Data for the task:
****
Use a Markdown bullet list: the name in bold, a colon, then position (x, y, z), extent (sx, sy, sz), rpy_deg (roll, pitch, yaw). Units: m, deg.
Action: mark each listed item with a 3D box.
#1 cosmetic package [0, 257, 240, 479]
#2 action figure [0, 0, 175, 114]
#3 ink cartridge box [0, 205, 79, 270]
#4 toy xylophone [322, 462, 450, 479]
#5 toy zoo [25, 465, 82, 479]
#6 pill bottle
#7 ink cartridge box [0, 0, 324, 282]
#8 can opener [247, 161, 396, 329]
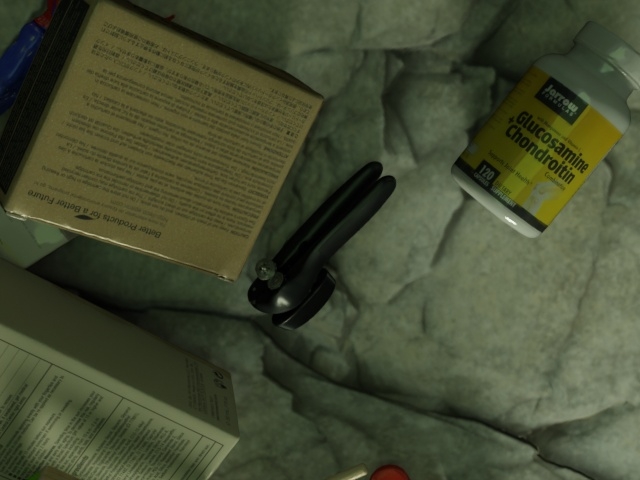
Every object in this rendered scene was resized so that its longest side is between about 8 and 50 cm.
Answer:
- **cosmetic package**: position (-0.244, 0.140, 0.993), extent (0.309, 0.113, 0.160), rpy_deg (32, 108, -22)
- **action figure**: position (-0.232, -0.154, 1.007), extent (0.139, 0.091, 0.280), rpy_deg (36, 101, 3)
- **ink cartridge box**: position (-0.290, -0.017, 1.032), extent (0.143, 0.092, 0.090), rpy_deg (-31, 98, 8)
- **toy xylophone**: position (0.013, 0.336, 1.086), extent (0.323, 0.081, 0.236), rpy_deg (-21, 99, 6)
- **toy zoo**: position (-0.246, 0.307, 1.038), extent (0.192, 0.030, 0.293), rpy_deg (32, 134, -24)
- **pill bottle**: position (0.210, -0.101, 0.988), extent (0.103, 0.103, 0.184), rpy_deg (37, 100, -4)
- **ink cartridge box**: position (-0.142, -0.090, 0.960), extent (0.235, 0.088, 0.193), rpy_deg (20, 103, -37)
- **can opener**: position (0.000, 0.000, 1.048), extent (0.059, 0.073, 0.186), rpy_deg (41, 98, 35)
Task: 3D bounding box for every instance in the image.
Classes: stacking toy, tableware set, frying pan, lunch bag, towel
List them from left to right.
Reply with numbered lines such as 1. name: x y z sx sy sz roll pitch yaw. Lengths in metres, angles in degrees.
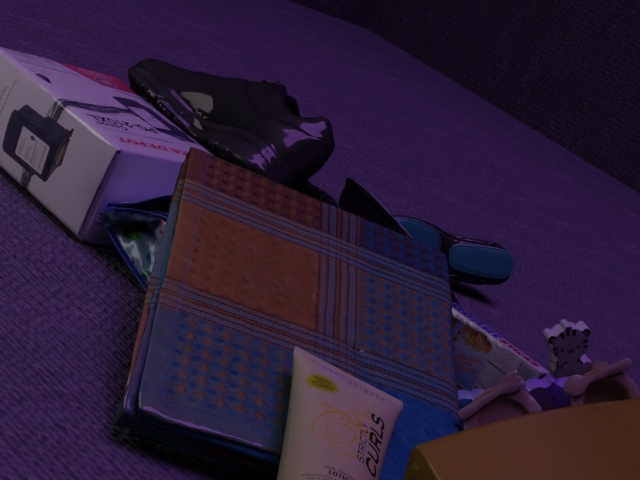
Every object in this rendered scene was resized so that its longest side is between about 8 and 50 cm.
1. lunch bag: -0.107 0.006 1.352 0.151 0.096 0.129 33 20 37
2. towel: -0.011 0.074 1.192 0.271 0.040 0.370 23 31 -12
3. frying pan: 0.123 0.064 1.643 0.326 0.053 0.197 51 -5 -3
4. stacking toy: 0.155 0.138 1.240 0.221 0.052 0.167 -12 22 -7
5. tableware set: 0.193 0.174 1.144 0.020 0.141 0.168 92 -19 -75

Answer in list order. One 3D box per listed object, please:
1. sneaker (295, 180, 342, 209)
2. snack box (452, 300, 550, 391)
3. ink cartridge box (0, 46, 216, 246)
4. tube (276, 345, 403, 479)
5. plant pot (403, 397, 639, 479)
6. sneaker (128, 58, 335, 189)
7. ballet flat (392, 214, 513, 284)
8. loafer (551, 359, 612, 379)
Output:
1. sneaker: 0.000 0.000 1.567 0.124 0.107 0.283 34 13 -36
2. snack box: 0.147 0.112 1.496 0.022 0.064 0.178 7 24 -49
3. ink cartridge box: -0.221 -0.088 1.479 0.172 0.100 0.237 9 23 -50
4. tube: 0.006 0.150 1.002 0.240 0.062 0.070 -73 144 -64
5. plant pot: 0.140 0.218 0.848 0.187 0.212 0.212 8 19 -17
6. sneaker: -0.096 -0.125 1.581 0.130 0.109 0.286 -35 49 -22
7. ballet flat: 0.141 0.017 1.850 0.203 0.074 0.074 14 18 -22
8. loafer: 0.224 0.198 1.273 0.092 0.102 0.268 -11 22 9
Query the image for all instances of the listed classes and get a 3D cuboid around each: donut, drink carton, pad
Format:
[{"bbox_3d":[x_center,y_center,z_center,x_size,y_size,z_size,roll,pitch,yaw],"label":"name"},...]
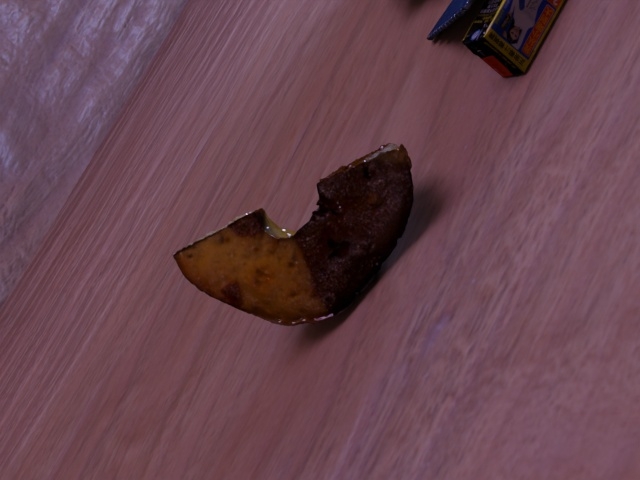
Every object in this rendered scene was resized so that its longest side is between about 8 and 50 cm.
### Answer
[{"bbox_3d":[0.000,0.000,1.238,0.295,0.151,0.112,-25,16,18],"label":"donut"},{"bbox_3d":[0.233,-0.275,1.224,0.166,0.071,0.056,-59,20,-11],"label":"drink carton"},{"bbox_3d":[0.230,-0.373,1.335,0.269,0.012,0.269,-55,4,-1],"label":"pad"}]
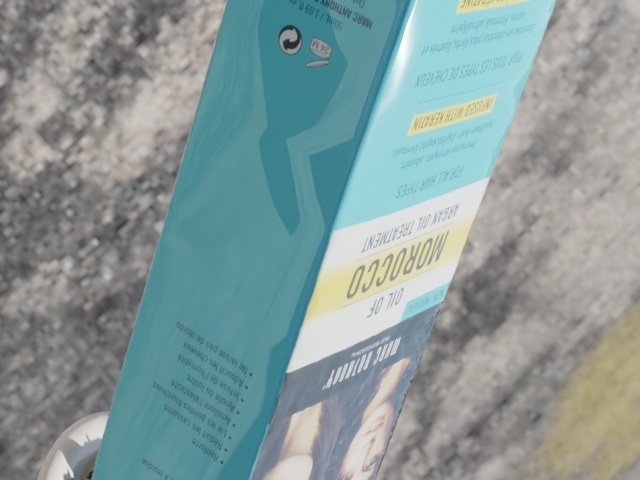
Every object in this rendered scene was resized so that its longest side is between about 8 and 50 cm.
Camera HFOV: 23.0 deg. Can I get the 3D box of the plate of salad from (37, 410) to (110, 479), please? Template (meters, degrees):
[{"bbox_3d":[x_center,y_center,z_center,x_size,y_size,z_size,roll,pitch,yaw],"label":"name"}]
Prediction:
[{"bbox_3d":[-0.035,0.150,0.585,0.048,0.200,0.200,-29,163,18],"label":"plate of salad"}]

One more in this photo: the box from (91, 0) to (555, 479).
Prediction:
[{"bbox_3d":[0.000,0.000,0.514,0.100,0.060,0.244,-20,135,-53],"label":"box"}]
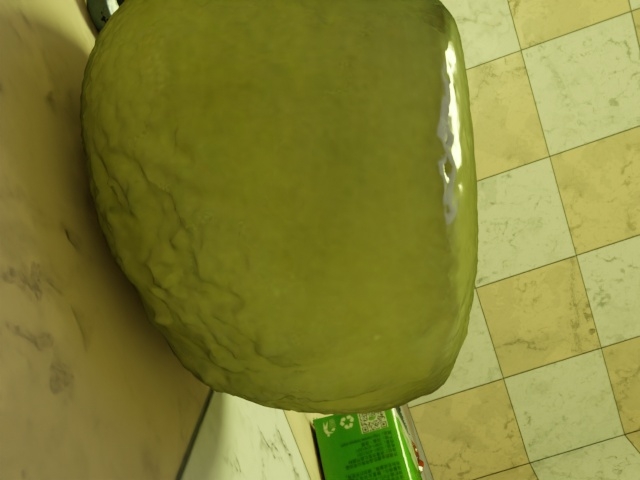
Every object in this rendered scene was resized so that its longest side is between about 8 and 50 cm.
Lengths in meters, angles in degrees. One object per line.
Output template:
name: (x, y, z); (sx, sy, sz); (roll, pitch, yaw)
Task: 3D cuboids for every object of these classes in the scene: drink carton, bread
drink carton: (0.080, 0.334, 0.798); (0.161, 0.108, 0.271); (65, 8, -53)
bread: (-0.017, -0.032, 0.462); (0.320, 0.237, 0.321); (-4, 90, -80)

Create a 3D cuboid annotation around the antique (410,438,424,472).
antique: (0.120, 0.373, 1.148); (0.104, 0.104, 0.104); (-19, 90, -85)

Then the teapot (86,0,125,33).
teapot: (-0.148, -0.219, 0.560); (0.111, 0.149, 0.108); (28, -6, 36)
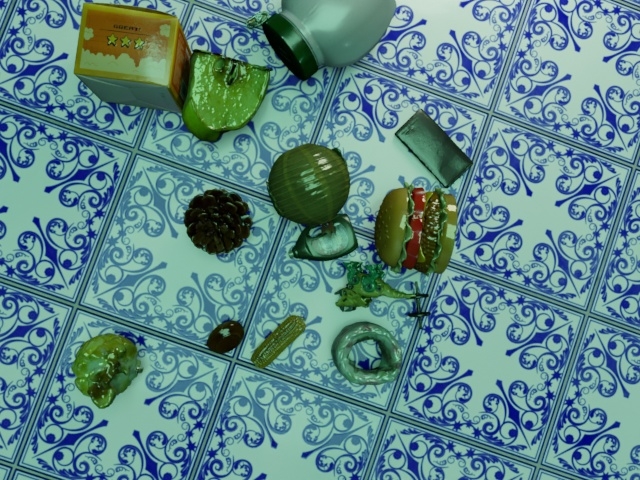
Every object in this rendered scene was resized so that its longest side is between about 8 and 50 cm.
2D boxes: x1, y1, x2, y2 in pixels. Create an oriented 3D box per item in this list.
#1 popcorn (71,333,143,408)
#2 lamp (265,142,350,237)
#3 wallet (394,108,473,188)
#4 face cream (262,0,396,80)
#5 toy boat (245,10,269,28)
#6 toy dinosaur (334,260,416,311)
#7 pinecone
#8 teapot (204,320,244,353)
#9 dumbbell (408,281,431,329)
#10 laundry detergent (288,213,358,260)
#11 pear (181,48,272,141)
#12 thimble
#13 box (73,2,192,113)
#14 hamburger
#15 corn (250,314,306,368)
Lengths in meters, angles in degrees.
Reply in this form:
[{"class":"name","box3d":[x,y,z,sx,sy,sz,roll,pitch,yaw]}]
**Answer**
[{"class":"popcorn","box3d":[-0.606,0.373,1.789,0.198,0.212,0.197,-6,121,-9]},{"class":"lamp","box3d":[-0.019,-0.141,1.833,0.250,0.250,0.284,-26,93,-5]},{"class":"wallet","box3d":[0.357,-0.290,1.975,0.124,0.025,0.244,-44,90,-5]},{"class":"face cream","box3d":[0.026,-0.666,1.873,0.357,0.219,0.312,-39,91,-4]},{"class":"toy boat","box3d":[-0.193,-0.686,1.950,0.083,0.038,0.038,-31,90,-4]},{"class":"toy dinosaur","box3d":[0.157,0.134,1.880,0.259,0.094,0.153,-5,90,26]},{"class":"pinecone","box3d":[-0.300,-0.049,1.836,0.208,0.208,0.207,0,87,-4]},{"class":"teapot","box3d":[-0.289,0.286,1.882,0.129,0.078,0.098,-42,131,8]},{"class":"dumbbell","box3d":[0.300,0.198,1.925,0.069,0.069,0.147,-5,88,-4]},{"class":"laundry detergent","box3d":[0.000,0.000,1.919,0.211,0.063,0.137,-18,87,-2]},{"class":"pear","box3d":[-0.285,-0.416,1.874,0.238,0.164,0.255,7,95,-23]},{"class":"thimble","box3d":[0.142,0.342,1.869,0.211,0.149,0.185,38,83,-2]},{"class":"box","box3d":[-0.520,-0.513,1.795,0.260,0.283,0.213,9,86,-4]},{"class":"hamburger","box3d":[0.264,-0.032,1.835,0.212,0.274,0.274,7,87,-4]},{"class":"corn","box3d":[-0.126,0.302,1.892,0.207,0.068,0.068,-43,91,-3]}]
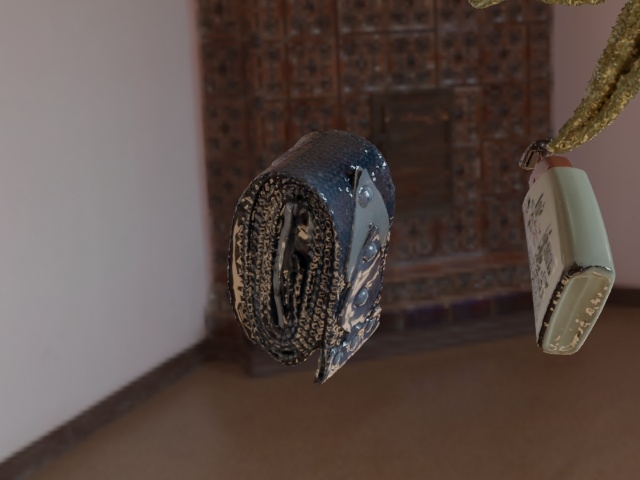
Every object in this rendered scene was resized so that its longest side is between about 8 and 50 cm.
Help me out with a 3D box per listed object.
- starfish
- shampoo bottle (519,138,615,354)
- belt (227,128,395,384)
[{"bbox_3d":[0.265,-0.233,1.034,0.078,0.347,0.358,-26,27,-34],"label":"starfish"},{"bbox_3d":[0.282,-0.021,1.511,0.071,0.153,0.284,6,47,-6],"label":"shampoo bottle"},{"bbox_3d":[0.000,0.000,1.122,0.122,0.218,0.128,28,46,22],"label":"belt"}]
****
Problem statement: Transcribe exactly the lines above, beginning at the one with "#5 toy zoo [25, 465, 82, 479]" and going up to and including the one with "Reply with numbered". Pictures do not belong in the copy.

Solution to the problem:
#5 toy zoo [25, 465, 82, 479]
#6 pill bottle
#7 ink cartridge box [0, 0, 324, 282]
#8 can opener [247, 161, 396, 329]
Every object in this rendered scene was resized so that its longest side is between about 8 and 50 cm.
Answer:
- **cosmetic package**: position (-0.244, 0.140, 0.993), extent (0.309, 0.113, 0.160), rpy_deg (32, 108, -22)
- **action figure**: position (-0.232, -0.154, 1.007), extent (0.139, 0.091, 0.280), rpy_deg (36, 101, 3)
- **ink cartridge box**: position (-0.290, -0.017, 1.032), extent (0.143, 0.092, 0.090), rpy_deg (-31, 98, 8)
- **toy xylophone**: position (0.013, 0.336, 1.086), extent (0.323, 0.081, 0.236), rpy_deg (-21, 99, 6)
- **toy zoo**: position (-0.246, 0.307, 1.038), extent (0.192, 0.030, 0.293), rpy_deg (32, 134, -24)
- **pill bottle**: position (0.210, -0.101, 0.988), extent (0.103, 0.103, 0.184), rpy_deg (37, 100, -4)
- **ink cartridge box**: position (-0.142, -0.090, 0.960), extent (0.235, 0.088, 0.193), rpy_deg (20, 103, -37)
- **can opener**: position (0.000, 0.000, 1.048), extent (0.059, 0.073, 0.186), rpy_deg (41, 98, 35)
Task: 3D bounding box for every instance in the image.
Classes: stacking toy, tableware set, frying pan, lunch bag, towel
List them from left to right.
Reply with numbered lines such as 1. name: x y z sx sy sz roll pitch yaw. Lengths in metres, angles in degrees.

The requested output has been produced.